There would be 2432902008176640000 of those permutations. http://www.calculatorsoup.com/calculators/discretemathematics/permutations.php?n=20&r=20&action=solve

If you could output 100 000 of permutations per second it would take 2432902008176640000 / 100000 / 60 / 60 / 24 / 365 = 771468 years to do it

100M permutations per second would be faster and take just 771 years

The number of permutations of size 20 is 20 factorial, which turns out to be around 10^18. 8 gigabytes of ram are approximately 8 * 10^9 bytes, which as you might understand, is much below the amount of storage needed to store every possible permutations out of the 10^18.
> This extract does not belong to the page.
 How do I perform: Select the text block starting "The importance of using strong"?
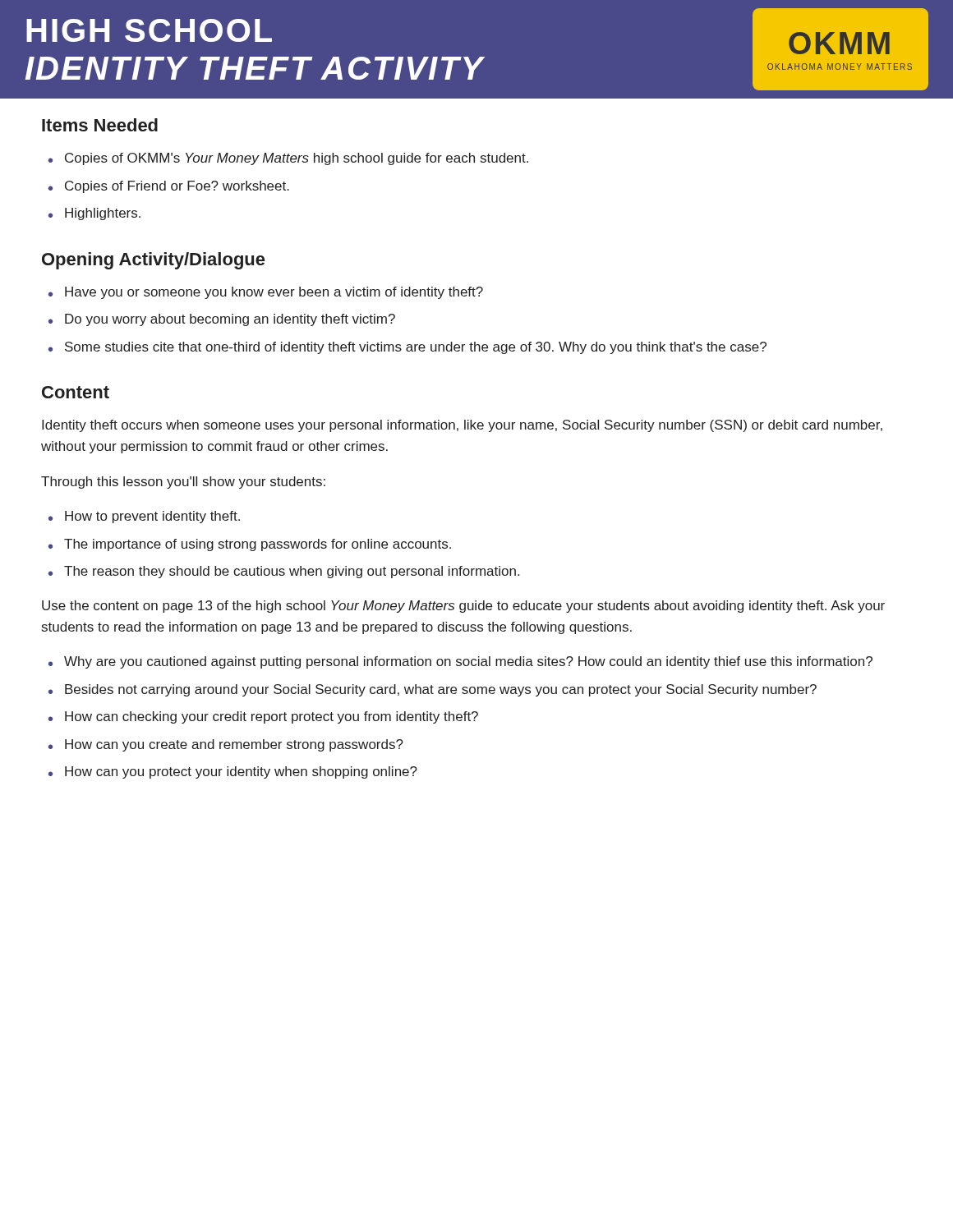258,544

Well the less memory approach will involve calculating a fixed but manageable number of permutations on demand. So, you will require a method like getNextPermutation().
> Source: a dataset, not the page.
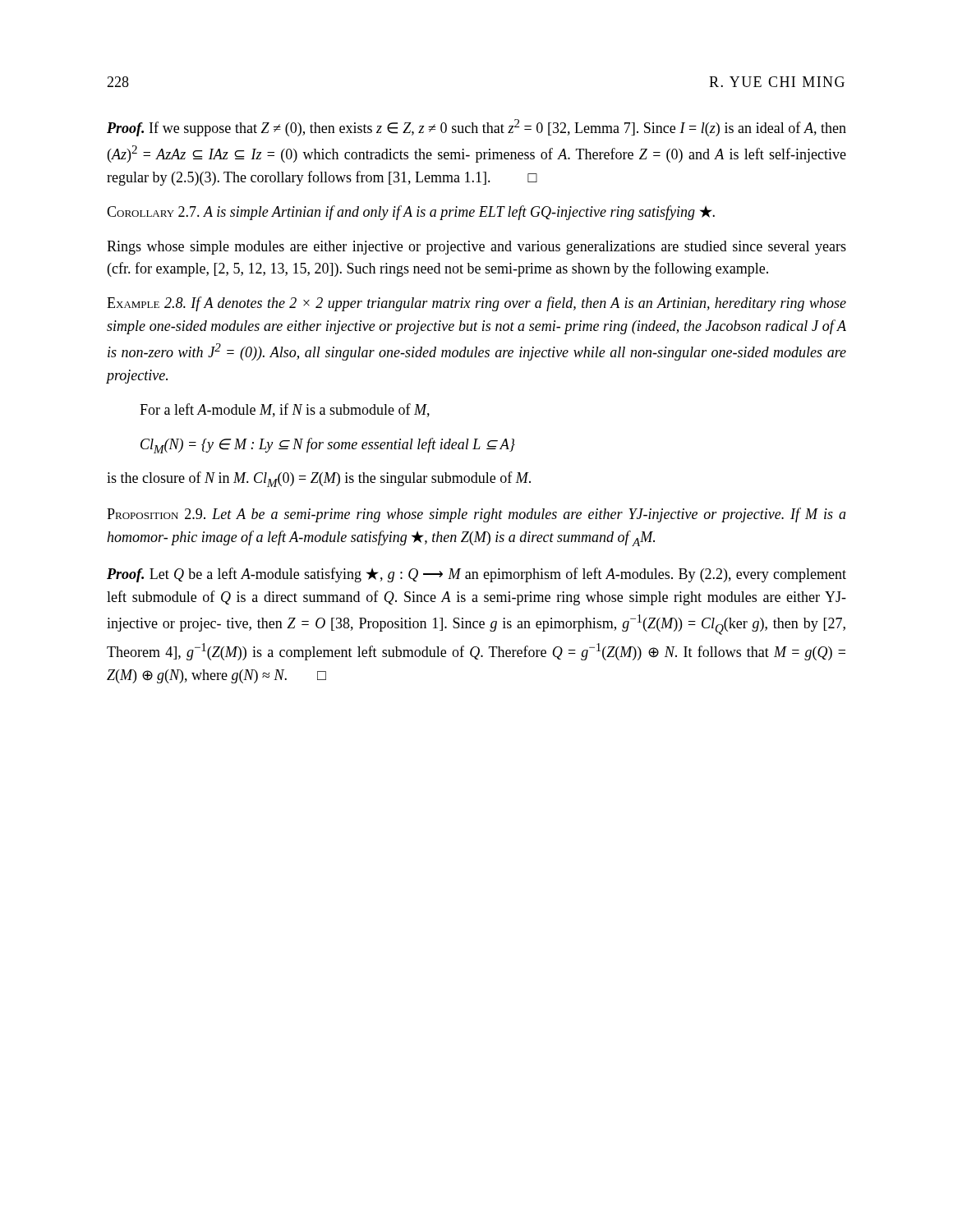Select the element starting "Proof. If we suppose that Z ≠"

coord(476,152)

I found the method from Collection2.java from Guava's source(the one that you are currently using in your code): https://github.com/google/guava/blob/master/guava/src/com/google/common/collect/Collections2.java

You have,

@Override
    protected List<E> computeNext() {
      if (nextPermutation == null) {
        return endOfData();
      }
      ImmutableList<E> next = ImmutableList.copyOf(nextPermutation);
      calculateNextPermutation();
      return next;
    }

    void calculateNextPermutation() {
      int j = findNextJ();
      if (j == -1) {
        nextPermutation = null;
        return;
      }

      int l = findNextL(j);
      Collections.swap(nextPermutation, j, l);
      int n = nextPermutation.size();
      Collections.reverse(nextPermutation.subList(j + 1, n));
}

You can call this compute next say 100 or 1000 times at once and store the results.

On your part, you will have to fork the source and modify calling of methods here and there a bit to make it as you want.